The geopolitical lane contained: six Iranian boats destroyed by the U.S. Navy, hundreds of ships clustering near Dubai to avoid Iranian interdiction, Kalshi traders pricing August as the earliest Strait normalization, and Trump posting “Great Progress” with no supporting documentation after the close. The earnings lane contained: AMD guiding $11.2 billion in Q2 revenue, Micron surging 11% for shipping a product, Intel gaining 13% for a Bloomberg rumor, and Palantir posting its best quarter ever and falling 5% for mentioning costs.
The market is in the earnings lane. The earnings lane produced a new all-time high. The geopolitical lane produced the third-best day for chip stocks in 2026. Both lanes are apparently pointing in the same direction, which is either the most efficient market in history or a market that has made a very confident bet that the AI revenue thesis is large enough to be insulated from a conflict that’s produced six destroyed Iranian vessels, 200 stranded tankers, Brent above $100 for six weeks, and a ceasefire that has legally terminated a war that continues to fire missiles.

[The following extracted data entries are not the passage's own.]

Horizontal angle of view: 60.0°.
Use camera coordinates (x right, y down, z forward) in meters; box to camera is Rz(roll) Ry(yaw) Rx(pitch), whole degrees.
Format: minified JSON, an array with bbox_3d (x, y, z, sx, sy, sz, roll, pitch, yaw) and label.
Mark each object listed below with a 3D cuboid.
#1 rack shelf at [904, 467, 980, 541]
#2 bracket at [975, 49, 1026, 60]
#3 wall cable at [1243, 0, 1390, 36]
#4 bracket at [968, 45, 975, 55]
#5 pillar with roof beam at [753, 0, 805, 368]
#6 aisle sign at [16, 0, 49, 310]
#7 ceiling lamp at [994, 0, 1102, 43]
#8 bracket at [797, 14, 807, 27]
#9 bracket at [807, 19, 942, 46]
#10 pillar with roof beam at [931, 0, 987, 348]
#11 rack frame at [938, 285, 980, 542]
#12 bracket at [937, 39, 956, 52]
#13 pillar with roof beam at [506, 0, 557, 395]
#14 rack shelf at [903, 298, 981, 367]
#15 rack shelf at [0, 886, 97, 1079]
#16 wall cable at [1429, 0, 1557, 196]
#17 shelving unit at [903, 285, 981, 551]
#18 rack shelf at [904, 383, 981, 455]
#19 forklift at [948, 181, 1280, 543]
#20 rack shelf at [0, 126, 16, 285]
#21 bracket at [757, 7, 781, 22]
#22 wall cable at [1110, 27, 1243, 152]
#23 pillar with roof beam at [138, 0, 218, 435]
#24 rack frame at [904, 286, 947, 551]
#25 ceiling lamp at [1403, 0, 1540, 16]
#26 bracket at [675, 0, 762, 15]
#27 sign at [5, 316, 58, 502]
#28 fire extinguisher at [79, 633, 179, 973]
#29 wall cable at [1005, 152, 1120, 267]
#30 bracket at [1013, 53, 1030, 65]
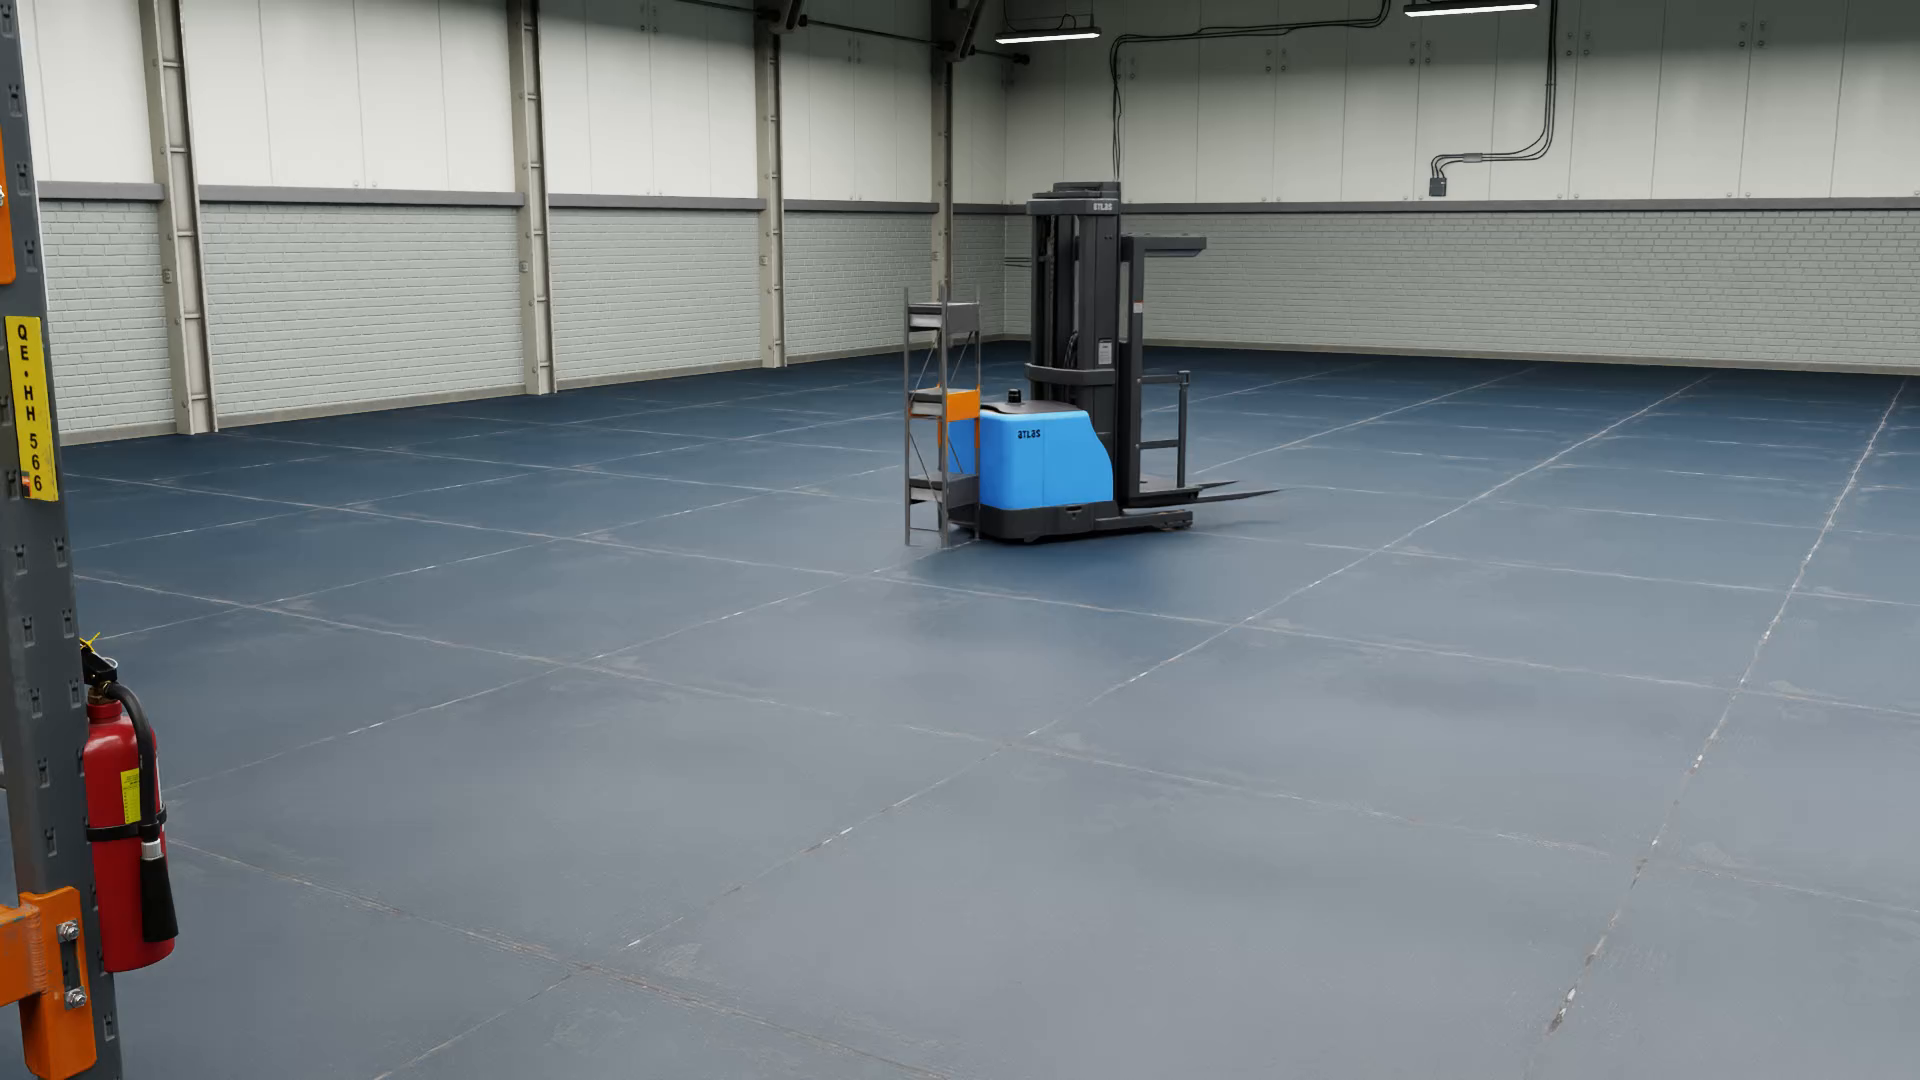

“Great Progress” is on Truth Social. AMD is up 16% after hours. The S&P closed at 7,259. Palantir had its best quarter ever and the market penalized it. Intel may have had a conversation about possibly making chips for Apple someday, and the market paid 13% for that possibility.
The wall of worry is real. The market is climbing it. How high the wall goes is Wednesday’s question, and Iran’s Foreign Ministry gets to answer first.